How to declare function (type misunderstanding Maybe)

Question

I need a function which works like:

some :: (Int, Maybe Int) -> Int
some a b
     | b == Nothing = 0
     | otherwise = a + b

Use cases:

some (2,Just 1)
some (3,Nothing)
map some [(2, Just 1), (3,Nothing)]

But my code raise the error:

The equation(s) for `some' have two arguments,
but its type `(Int, Maybe Int) -> Int' has only one

I don't understand it.

Thanks in advance.

Answer 1

When you write

foo x y = ...

That is notation for a curried function, with a type like:

foo :: a -> b -> c

You have declared your function to expect a tuple, so you must write it:

some :: (Int, Maybe Int) -> Int
some (x, y) = ...

But Haskell convention is usually to take arguments in the former curried form. Seeing funcitons take tuples as arguments is very rare.

For the other part of your question, you probably want to express it with pattern matching. You could say:

foo :: Maybe Int -> Int
foo Nothing = 0
foo (Just x) = x + 1

Generalizing that to the OP's question is left as an exercise for the reader.

Answer 2

Your error doesn't come from a misunderstanding of Maybe: The type signature of some indicates that it takes a pair (Int, Maybe Int), while in your definition you provide it two arguments. The definition should thus begin with some (a,b) to match the type signature.

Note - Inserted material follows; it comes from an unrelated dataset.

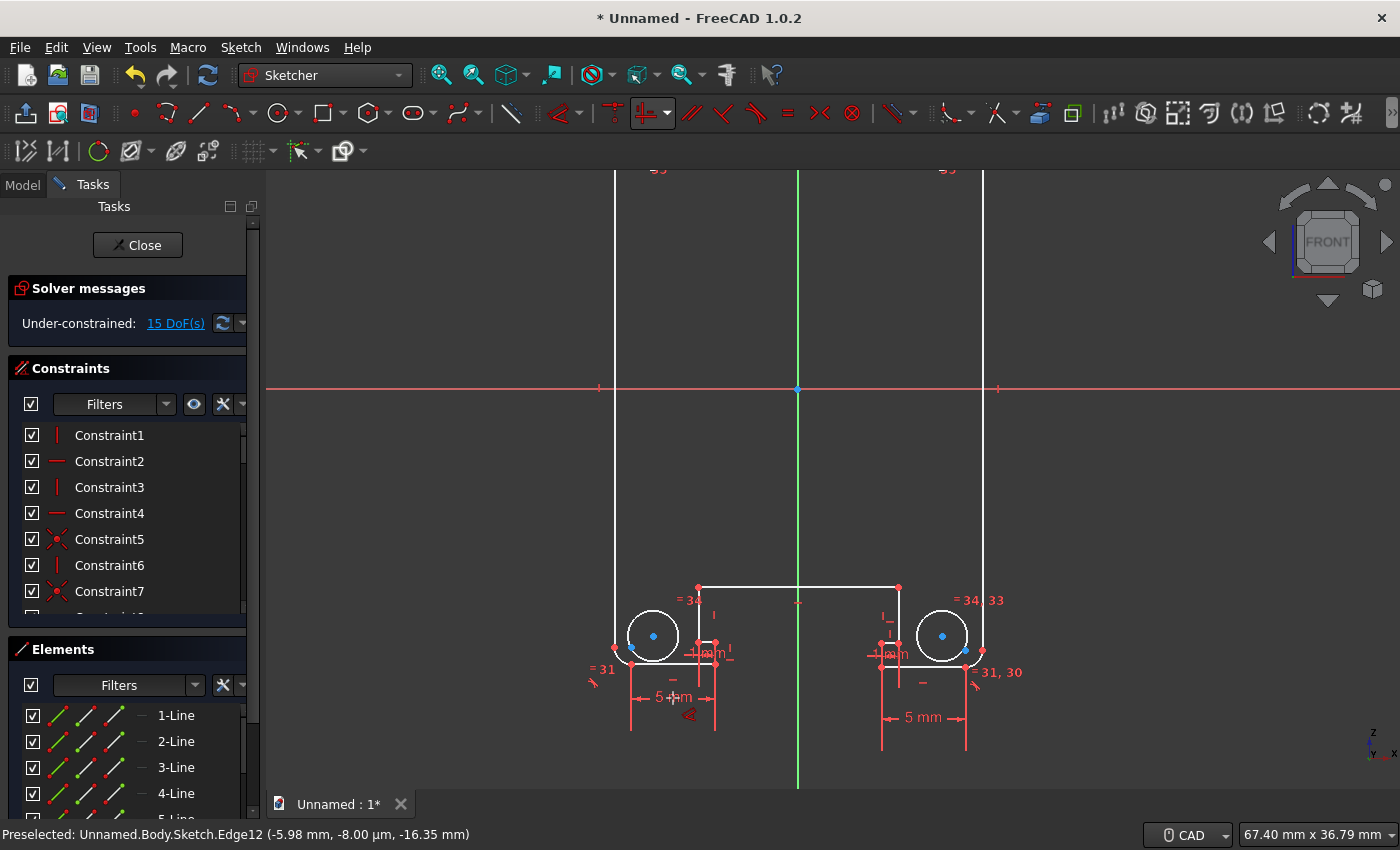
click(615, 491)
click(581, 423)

One way to fix the problem (which is also a bit more idiomatic and uses pattern matching) is:

some :: (Int, Maybe Int) -> Int
some (a, Nothing) = a
some (a, Just b) = a + b

It's also worth noting that unless you have a really good reason for using a tuple as input, you should probably not do so. If your signature were instead some :: Int -> Maybe Int -> Int, you'd have a function of two arguments, which can be curried. Then you'd write something like

some :: Int -> Maybe Int -> Int
some a Nothing = a
some a (Just b) = a + b

Also, you might want to add the following immediate generalization: All Num types are additive, so you might aswell do

some :: (Num n) => n -> Maybe n -> n
some a Nothing = a
some a (Just b) = a + b

(I've violated the common practice of using a, b, c... for type variables so as not to confuse the OP since he binds a and b to the arguments of some).